-- Data extract follows --
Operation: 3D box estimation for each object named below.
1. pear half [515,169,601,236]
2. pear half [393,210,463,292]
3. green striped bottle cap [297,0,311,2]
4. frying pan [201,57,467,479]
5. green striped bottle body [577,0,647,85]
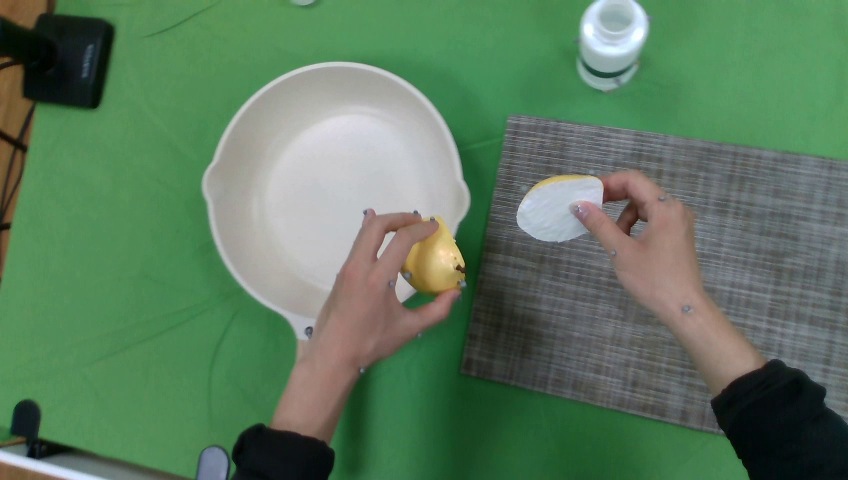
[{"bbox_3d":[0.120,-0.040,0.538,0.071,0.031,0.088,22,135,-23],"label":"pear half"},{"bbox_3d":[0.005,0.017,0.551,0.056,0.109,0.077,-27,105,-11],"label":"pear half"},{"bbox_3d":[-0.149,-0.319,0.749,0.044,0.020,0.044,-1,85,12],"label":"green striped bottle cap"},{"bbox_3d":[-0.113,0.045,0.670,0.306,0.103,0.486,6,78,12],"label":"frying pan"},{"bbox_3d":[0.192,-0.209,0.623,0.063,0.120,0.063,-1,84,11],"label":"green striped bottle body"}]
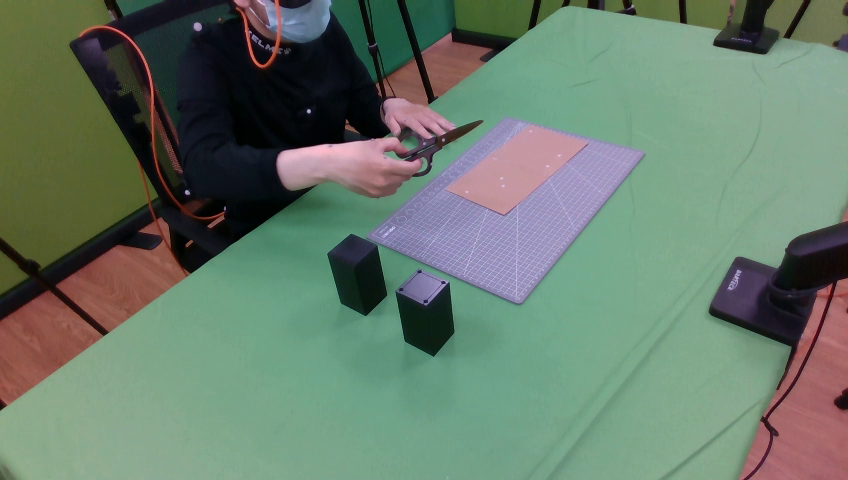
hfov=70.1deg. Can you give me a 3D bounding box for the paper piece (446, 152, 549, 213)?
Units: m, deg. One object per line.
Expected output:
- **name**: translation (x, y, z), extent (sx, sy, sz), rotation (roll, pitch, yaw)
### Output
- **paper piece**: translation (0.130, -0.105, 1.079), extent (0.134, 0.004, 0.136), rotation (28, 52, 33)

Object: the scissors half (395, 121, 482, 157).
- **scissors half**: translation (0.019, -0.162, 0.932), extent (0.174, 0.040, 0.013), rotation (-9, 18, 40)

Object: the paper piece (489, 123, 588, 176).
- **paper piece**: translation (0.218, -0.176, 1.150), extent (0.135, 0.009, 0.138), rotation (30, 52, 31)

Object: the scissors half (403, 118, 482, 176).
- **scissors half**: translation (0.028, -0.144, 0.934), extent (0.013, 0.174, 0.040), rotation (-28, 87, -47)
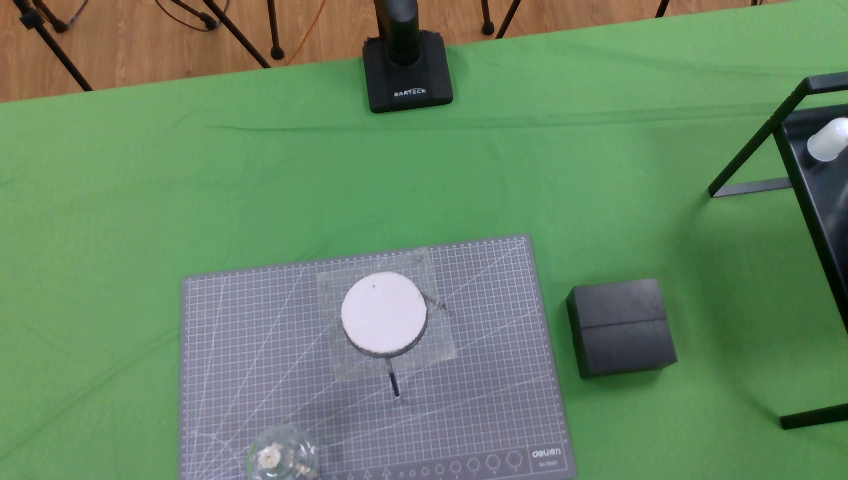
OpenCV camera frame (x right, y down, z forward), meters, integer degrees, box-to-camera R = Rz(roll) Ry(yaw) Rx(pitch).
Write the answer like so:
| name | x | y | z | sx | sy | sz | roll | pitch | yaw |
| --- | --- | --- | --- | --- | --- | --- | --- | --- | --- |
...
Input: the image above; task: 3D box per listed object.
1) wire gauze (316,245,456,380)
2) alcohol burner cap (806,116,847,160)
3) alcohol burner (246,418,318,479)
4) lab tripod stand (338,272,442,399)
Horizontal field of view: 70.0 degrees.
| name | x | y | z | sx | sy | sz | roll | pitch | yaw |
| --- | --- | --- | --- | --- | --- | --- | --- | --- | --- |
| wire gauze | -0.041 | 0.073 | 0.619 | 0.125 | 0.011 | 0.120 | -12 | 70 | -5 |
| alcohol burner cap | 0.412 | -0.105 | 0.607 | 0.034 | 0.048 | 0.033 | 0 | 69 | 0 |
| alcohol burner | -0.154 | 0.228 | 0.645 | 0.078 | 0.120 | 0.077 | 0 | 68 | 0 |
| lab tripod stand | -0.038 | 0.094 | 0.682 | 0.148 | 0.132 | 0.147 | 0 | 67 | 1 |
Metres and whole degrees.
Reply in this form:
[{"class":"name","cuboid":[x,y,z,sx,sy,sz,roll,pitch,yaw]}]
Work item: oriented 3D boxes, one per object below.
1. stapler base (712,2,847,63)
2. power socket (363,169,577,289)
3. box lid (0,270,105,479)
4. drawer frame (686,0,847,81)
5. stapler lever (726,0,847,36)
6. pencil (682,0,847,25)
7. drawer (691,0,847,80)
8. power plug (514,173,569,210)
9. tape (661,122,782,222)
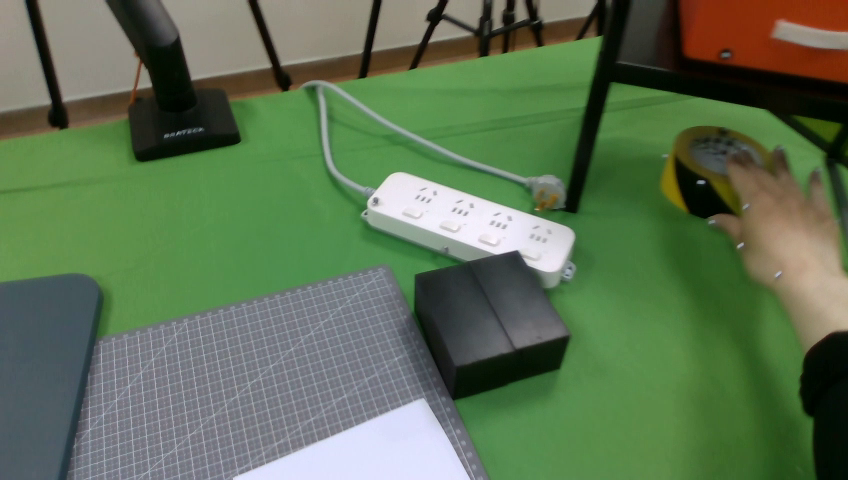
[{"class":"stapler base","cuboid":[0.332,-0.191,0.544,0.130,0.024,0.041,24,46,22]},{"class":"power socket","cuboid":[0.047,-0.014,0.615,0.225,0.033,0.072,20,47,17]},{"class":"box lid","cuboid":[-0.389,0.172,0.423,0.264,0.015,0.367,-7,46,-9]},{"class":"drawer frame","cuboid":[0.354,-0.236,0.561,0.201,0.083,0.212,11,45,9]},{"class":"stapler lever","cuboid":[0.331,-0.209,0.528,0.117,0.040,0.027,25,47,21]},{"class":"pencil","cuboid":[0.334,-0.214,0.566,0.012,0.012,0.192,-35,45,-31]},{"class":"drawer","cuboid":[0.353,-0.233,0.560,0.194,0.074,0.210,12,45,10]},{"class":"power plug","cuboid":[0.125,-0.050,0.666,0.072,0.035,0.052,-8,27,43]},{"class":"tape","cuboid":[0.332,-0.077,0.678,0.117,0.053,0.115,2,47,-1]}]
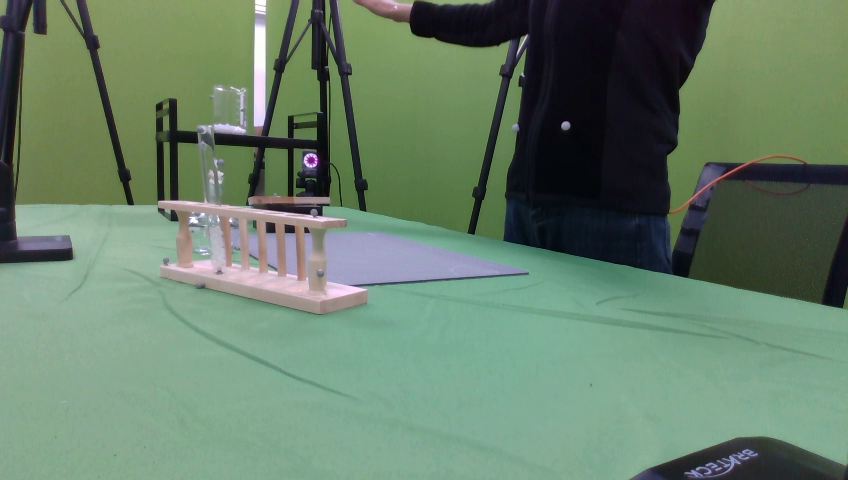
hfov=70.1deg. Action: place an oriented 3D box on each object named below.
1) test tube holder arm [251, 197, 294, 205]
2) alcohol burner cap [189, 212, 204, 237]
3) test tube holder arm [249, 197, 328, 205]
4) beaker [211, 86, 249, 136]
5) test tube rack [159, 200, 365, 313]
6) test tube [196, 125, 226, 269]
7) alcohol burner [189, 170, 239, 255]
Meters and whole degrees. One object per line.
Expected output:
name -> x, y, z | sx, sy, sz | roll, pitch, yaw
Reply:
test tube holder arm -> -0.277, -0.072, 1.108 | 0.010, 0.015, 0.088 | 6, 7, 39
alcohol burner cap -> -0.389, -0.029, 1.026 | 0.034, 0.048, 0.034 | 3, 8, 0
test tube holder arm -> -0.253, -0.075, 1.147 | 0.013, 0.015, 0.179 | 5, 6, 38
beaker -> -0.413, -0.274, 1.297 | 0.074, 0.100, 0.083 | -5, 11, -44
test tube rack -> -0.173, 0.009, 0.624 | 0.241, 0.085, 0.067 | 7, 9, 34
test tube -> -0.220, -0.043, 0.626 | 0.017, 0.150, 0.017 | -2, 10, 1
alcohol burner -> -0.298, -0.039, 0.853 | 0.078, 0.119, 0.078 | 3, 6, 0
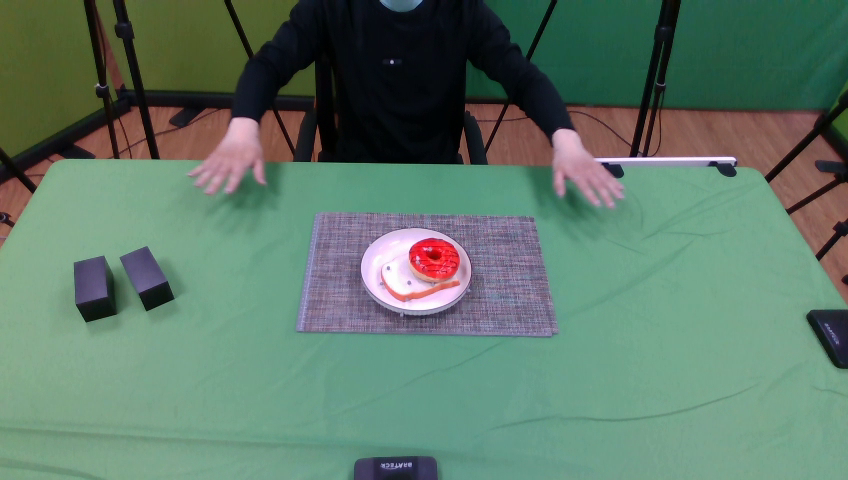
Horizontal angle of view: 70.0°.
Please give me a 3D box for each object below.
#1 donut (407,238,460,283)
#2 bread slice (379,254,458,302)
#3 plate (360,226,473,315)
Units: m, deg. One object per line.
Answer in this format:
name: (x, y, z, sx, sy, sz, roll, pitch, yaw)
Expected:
-- Data extract concluded --
-- Data extract follows --
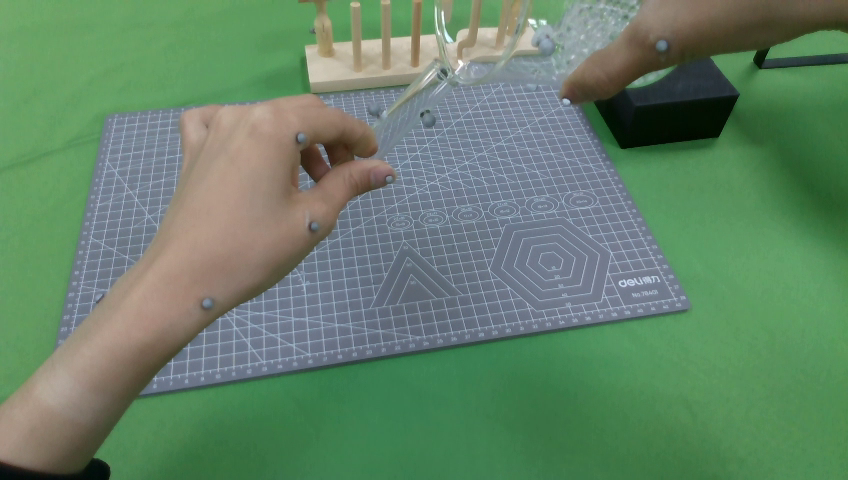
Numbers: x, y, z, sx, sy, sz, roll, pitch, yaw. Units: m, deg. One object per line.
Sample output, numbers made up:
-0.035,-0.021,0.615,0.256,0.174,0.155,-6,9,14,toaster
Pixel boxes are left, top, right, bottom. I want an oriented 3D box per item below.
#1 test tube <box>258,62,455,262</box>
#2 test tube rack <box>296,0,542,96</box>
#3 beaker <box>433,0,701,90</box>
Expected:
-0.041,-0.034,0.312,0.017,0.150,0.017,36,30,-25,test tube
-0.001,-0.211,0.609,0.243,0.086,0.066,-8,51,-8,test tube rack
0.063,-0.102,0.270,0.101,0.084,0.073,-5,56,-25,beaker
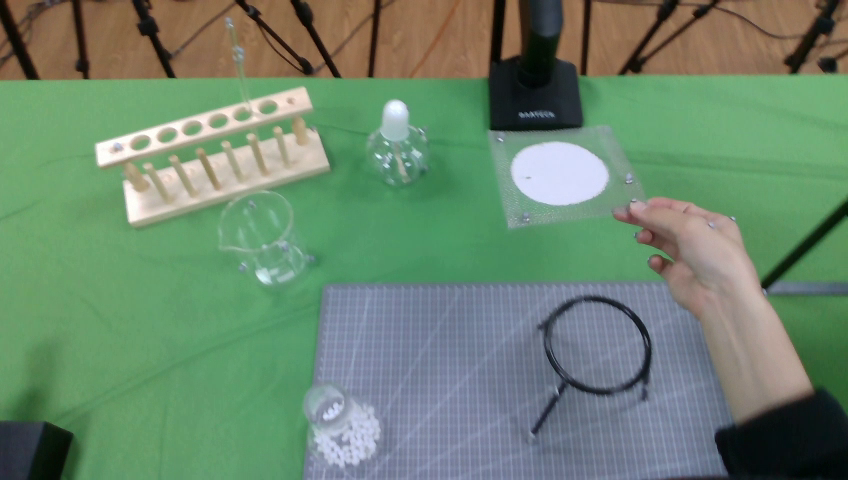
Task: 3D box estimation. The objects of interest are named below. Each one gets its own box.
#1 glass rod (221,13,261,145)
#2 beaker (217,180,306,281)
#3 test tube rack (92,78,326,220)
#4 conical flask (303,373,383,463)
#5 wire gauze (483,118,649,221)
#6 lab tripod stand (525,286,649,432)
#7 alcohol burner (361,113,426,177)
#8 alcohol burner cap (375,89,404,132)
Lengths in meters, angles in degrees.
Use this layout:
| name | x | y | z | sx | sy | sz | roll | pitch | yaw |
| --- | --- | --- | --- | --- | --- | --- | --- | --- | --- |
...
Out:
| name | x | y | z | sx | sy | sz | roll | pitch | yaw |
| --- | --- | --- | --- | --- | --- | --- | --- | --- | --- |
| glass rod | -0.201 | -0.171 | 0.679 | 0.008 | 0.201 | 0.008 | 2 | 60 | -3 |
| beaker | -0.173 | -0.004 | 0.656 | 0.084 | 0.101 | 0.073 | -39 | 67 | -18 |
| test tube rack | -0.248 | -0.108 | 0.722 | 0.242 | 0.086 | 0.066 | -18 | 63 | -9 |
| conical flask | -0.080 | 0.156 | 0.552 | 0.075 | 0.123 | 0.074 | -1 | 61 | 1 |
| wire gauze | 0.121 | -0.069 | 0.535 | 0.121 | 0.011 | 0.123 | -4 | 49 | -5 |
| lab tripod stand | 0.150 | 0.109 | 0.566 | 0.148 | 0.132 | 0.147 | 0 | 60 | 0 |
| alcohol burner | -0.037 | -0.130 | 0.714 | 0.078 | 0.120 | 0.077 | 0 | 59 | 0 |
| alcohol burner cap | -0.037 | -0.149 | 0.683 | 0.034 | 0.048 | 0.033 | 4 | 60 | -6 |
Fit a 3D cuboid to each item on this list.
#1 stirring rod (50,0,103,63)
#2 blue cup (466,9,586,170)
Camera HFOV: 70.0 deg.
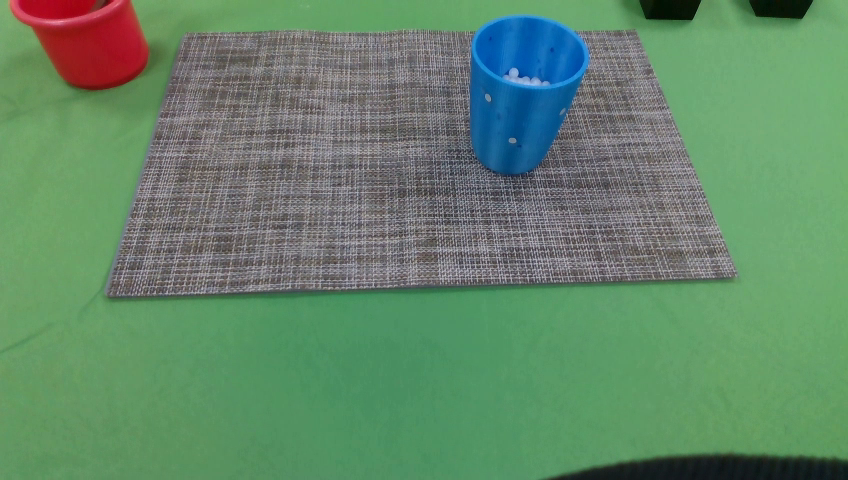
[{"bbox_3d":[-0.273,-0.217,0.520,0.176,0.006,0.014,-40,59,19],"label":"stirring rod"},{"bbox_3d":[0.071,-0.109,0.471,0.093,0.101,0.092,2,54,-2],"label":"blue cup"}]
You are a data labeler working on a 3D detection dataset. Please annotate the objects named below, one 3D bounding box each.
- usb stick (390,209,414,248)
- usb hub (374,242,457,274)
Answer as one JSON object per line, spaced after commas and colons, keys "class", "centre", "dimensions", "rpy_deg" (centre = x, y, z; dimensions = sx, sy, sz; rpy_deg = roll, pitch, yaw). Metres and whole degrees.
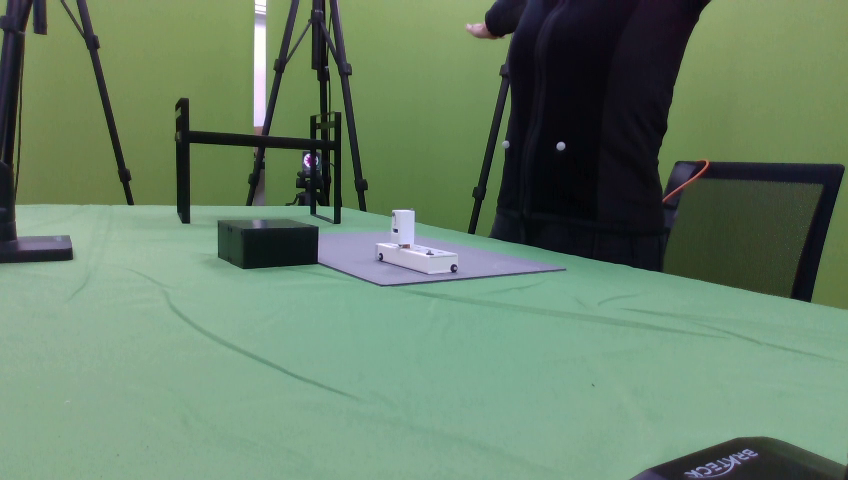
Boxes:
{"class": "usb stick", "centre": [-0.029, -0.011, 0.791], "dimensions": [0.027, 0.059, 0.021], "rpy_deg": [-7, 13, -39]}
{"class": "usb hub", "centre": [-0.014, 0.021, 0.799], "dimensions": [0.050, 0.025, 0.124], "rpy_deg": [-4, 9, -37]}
-- Data extract concluded --
▸ Assigned task
Would you please write out, exactly and with no other lines, the stretch of the listing above from the line containing "Task: 3D box estimation." through the line containing "#8 alcohol burner cap (375,89,404,132)"?

▸ Written response
Task: 3D box estimation. The objects of interest are named below. Each one gets its own box.
#1 glass rod (221,13,261,145)
#2 beaker (217,180,306,281)
#3 test tube rack (92,78,326,220)
#4 conical flask (303,373,383,463)
#5 wire gauze (483,118,649,221)
#6 lab tripod stand (525,286,649,432)
#7 alcohol burner (361,113,426,177)
#8 alcohol burner cap (375,89,404,132)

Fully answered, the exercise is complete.